(Beginning of Data to use)

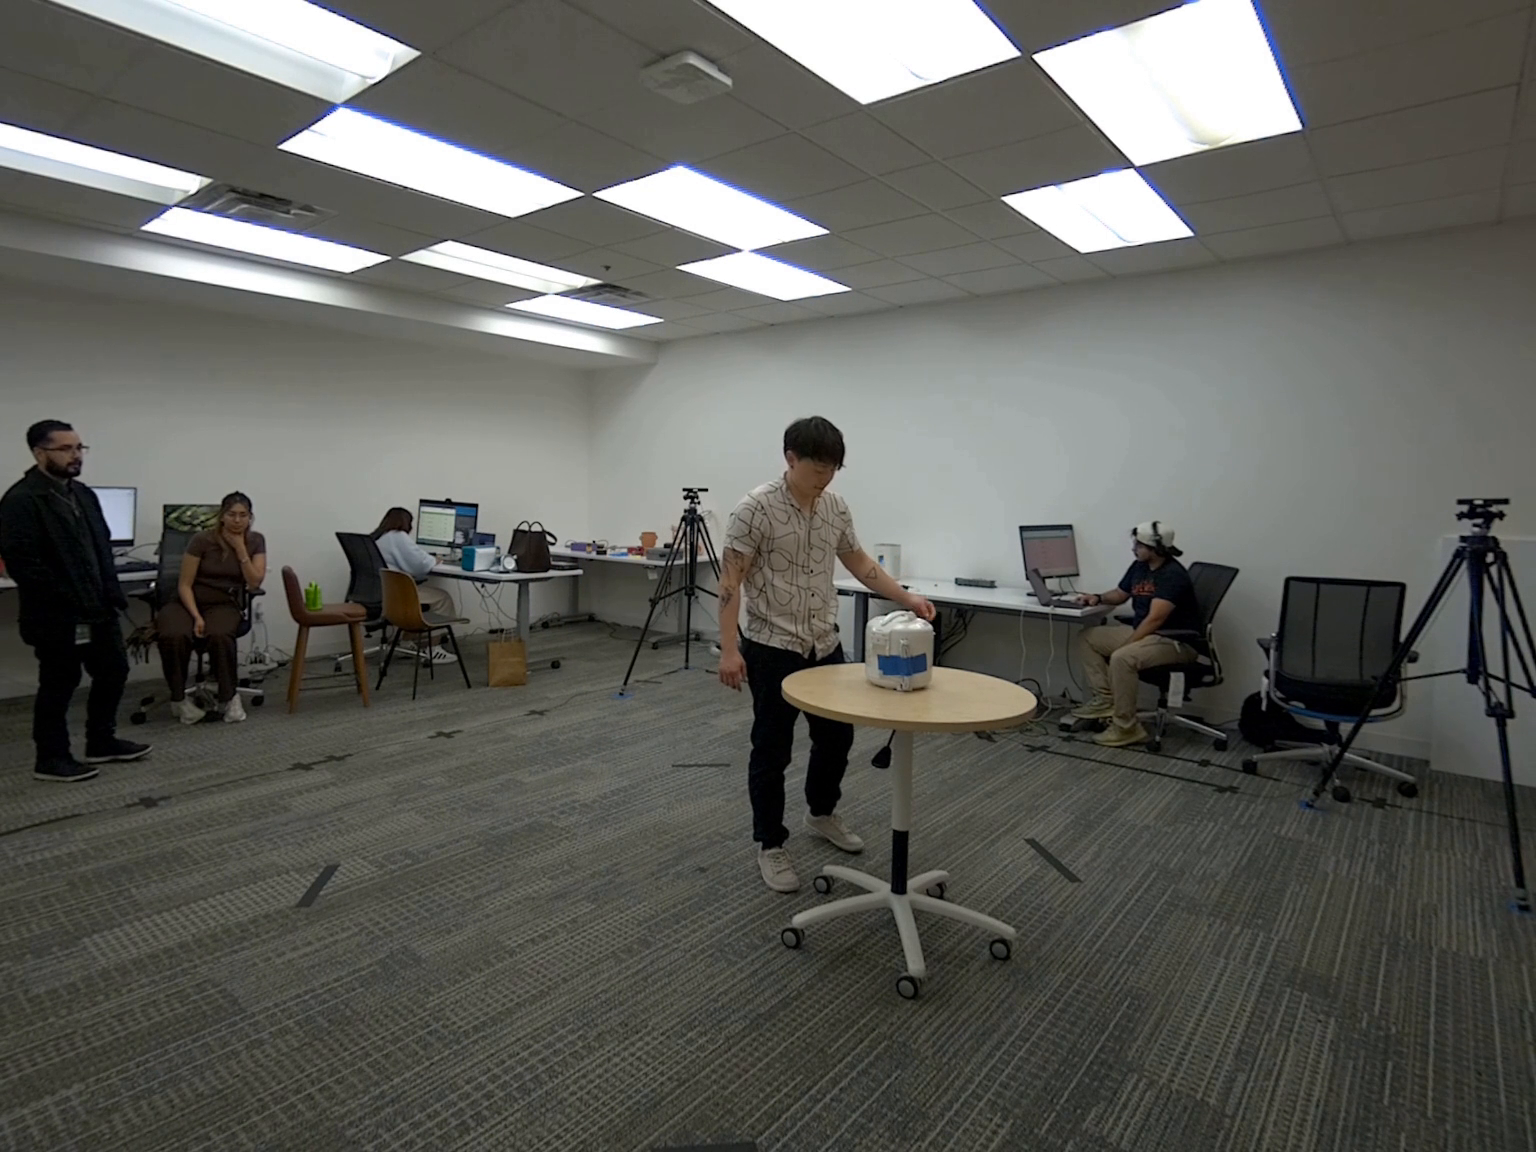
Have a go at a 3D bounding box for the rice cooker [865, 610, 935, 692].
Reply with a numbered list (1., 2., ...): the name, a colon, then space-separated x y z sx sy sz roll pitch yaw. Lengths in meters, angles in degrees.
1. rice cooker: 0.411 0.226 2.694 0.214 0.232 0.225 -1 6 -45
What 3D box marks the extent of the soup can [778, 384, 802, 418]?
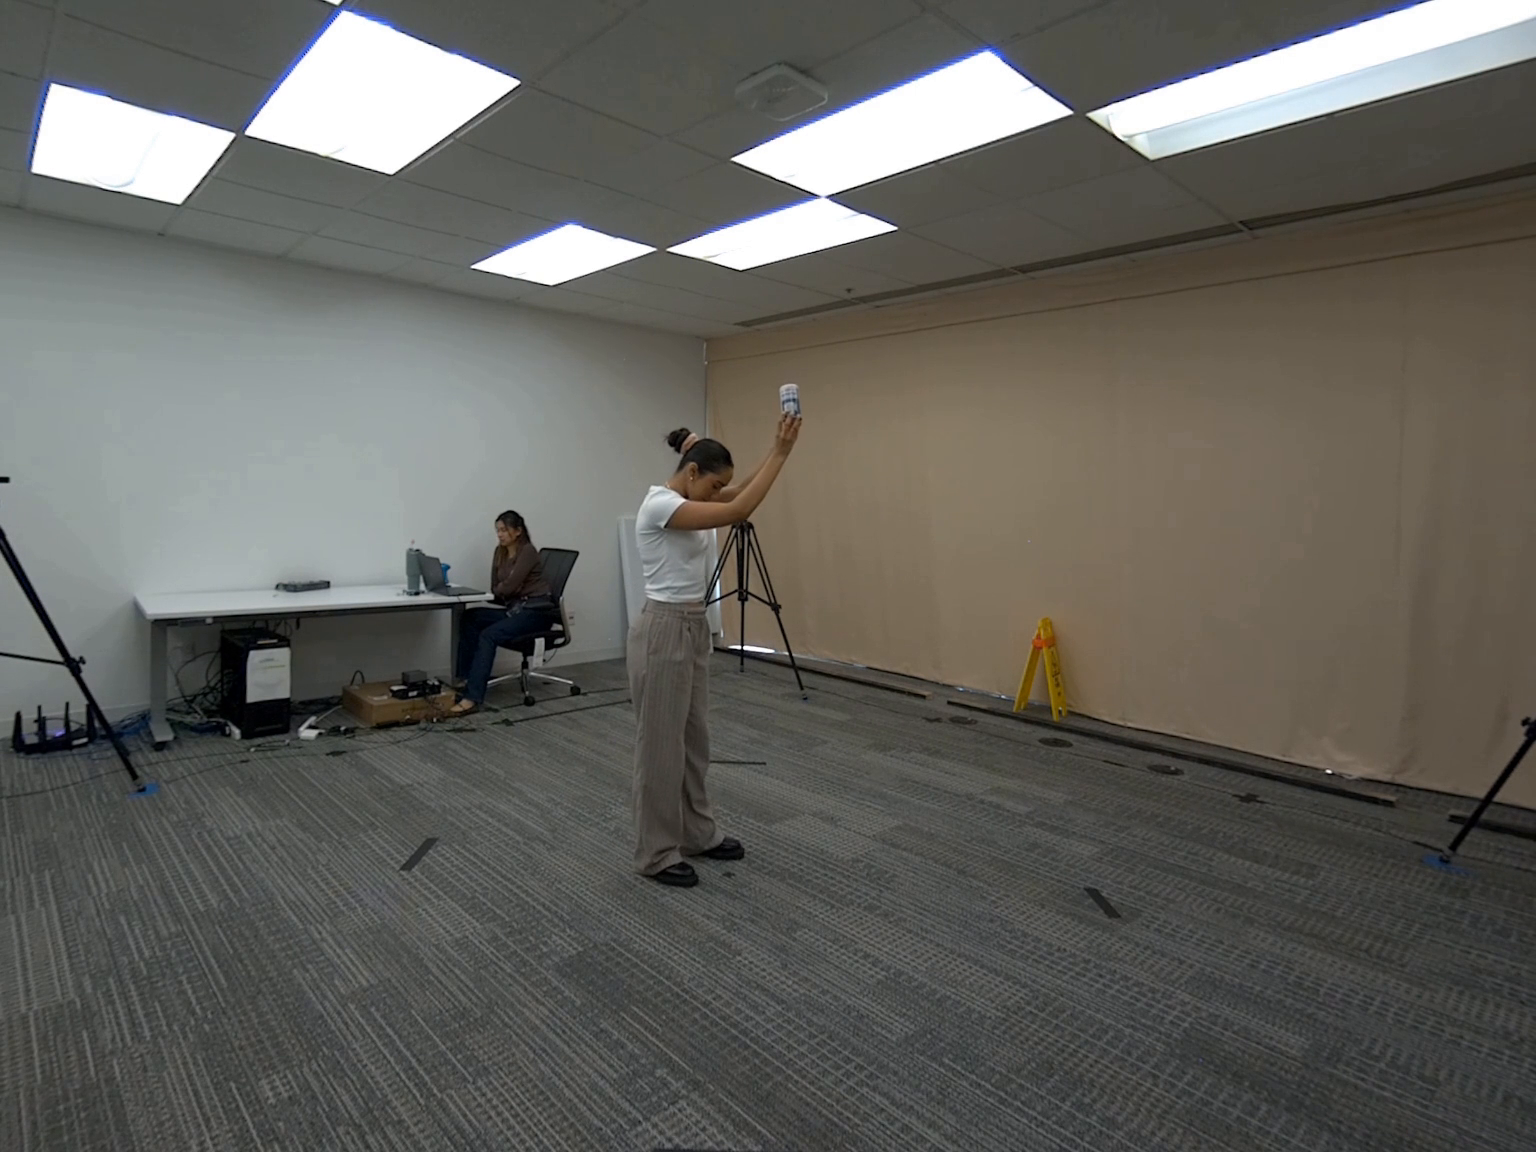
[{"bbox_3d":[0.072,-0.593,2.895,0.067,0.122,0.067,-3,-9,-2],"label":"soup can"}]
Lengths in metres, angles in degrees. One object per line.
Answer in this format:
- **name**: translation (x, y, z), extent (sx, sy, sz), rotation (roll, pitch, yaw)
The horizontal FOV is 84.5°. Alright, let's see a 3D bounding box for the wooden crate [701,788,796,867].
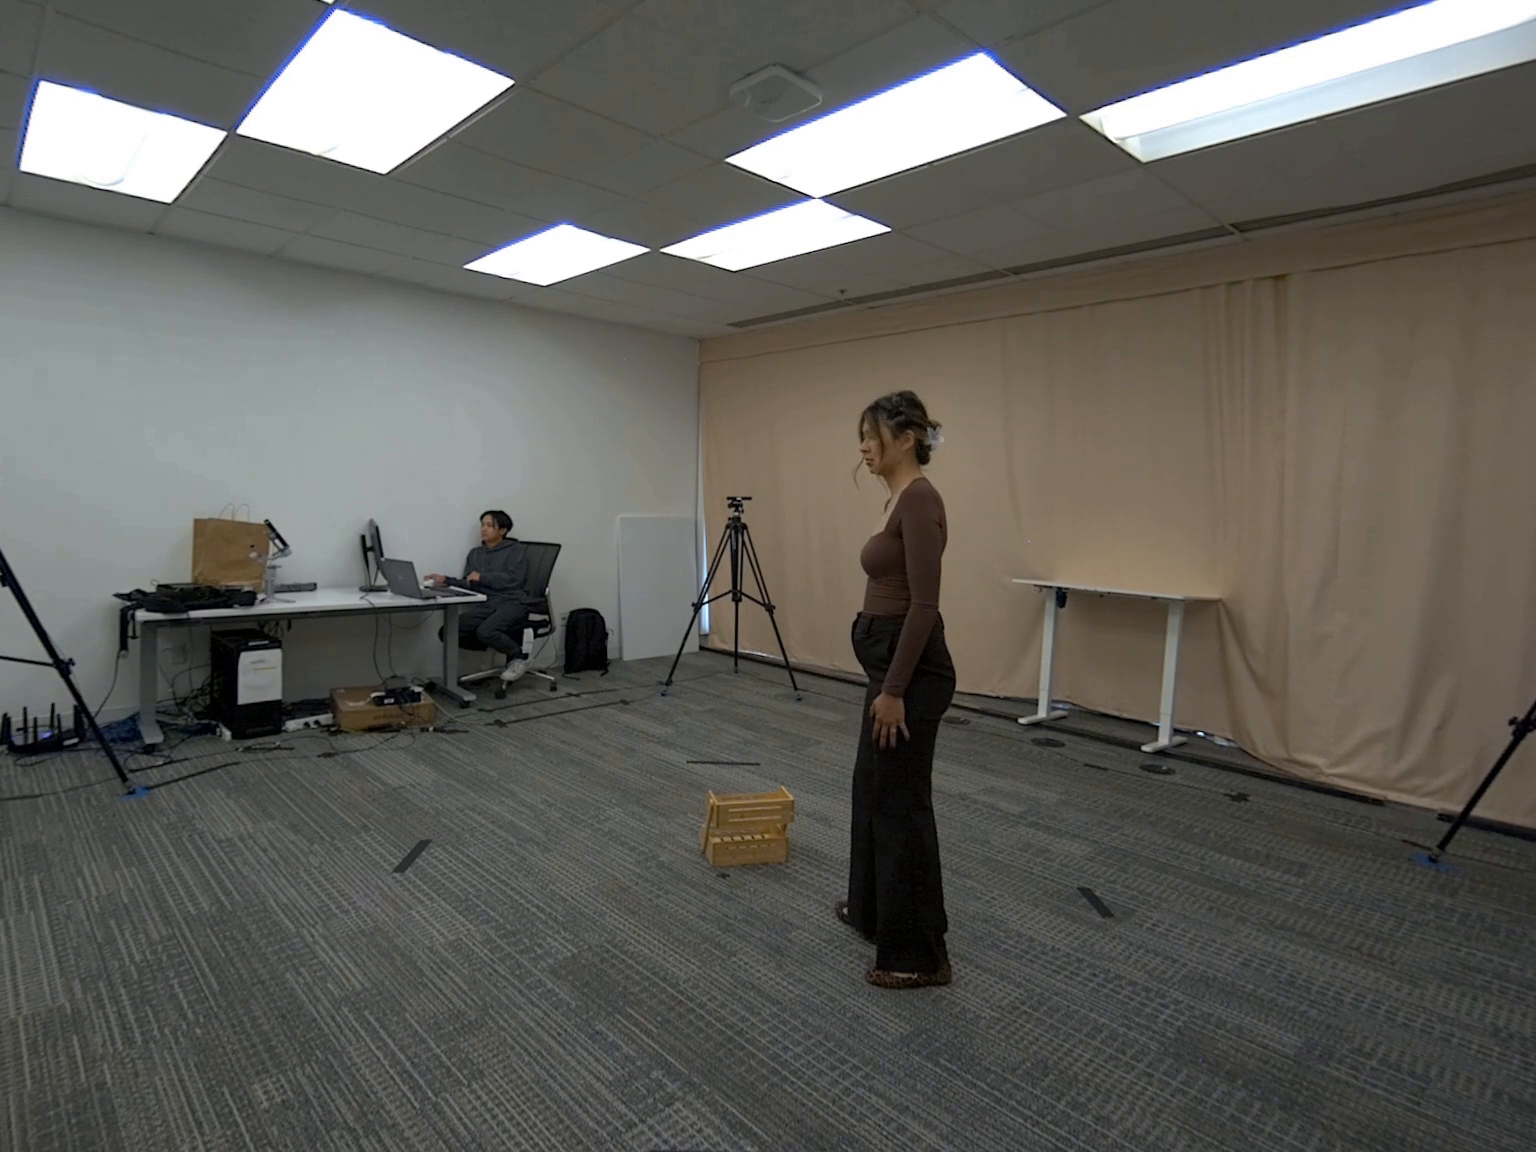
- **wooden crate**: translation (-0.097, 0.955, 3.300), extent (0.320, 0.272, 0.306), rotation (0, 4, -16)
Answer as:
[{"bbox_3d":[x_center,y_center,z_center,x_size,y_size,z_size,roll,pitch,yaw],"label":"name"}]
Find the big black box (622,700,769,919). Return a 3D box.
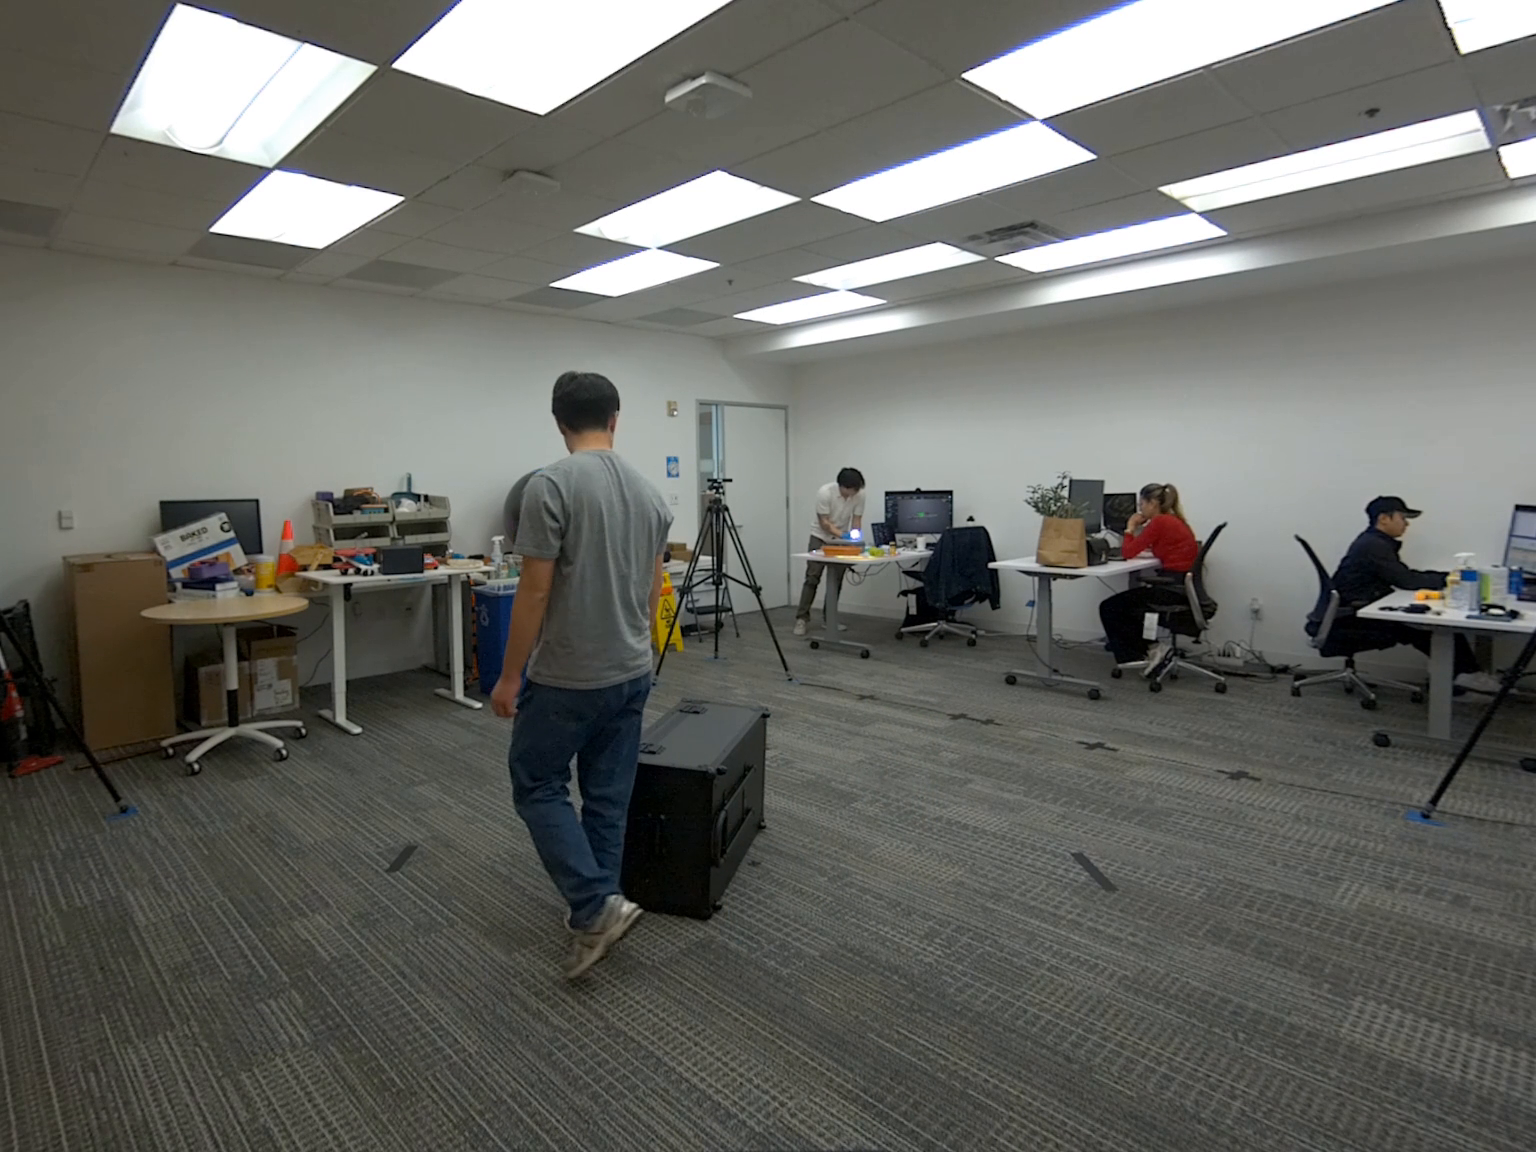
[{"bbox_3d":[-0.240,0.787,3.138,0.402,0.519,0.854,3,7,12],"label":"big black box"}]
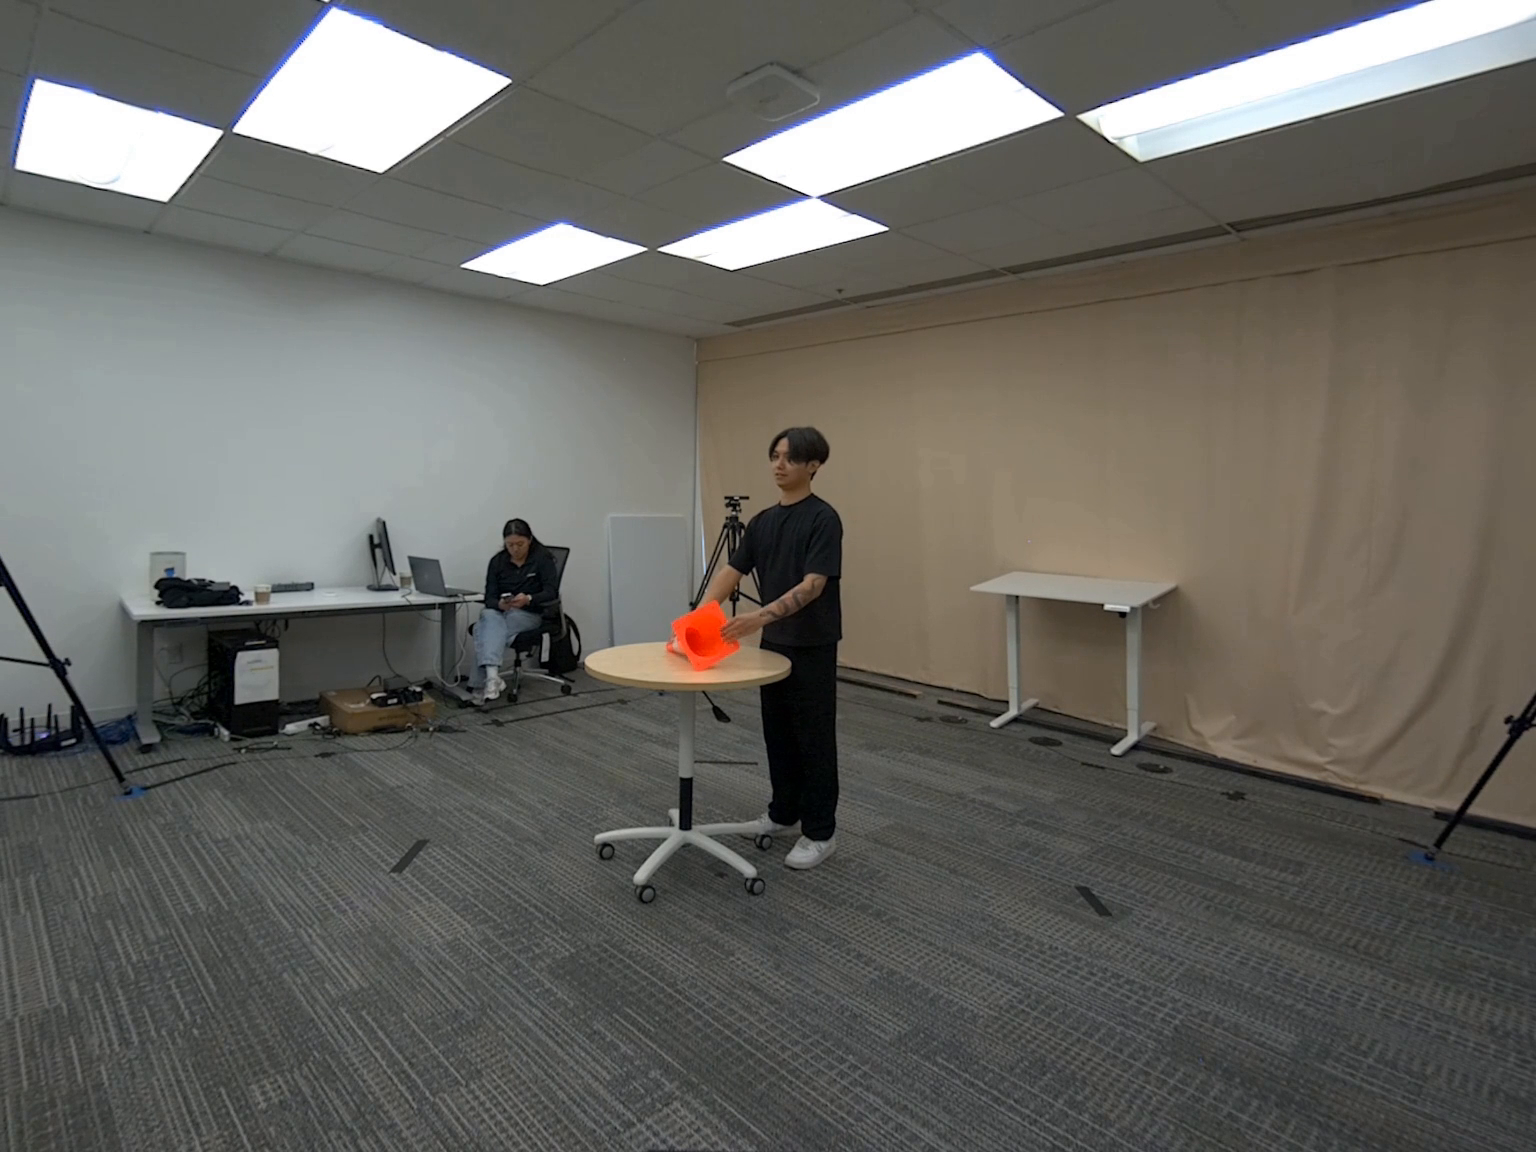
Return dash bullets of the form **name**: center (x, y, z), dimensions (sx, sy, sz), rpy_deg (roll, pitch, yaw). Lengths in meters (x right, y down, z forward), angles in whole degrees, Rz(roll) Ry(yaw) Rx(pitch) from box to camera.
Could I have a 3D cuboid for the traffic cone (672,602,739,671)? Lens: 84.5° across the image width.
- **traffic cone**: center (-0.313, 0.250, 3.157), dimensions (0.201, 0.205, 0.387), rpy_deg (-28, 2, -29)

(End of Data to use)

What you have to do -> Pass over the images and copy the rest of the material above exactly.

Exercise response ->
Have a go at a 3D bounding box for the rice cooker [865, 610, 935, 692].
Reply with a numbered list (1., 2., ...): the name, a colon, then space-separated x y z sx sy sz roll pitch yaw. Lengths in meters, angles in degrees.
1. rice cooker: 0.411 0.226 2.694 0.214 0.232 0.225 -1 6 -45
What 3D box marks the extent of the soup can [778, 384, 802, 418]?
[{"bbox_3d":[0.072,-0.593,2.895,0.067,0.122,0.067,-3,-9,-2],"label":"soup can"}]
Lengths in metres, angles in degrees. One object per line.
Answer in this format:
- **name**: translation (x, y, z), extent (sx, sy, sz), rotation (roll, pitch, yaw)
The horizontal FOV is 84.5°. Alright, let's see a 3D bounding box for the wooden crate [701,788,796,867].
- **wooden crate**: translation (-0.097, 0.955, 3.300), extent (0.320, 0.272, 0.306), rotation (0, 4, -16)
Answer as:
[{"bbox_3d":[x_center,y_center,z_center,x_size,y_size,z_size,roll,pitch,yaw],"label":"name"}]
Find the big black box (622,700,769,919). Return a 3D box.
[{"bbox_3d":[-0.240,0.787,3.138,0.402,0.519,0.854,3,7,12],"label":"big black box"}]
Return dash bullets of the form **name**: center (x, y, z), dimensions (sx, sy, sz), rpy_deg (roll, pitch, yaw). Lengths in meters (x right, y down, z forward), angles in whole degrees, Rz(roll) Ry(yaw) Rx(pitch) from box to camera.
Could I have a 3D cuboid for the traffic cone (672,602,739,671)? Lens: 84.5° across the image width.
- **traffic cone**: center (-0.313, 0.250, 3.157), dimensions (0.201, 0.205, 0.387), rpy_deg (-28, 2, -29)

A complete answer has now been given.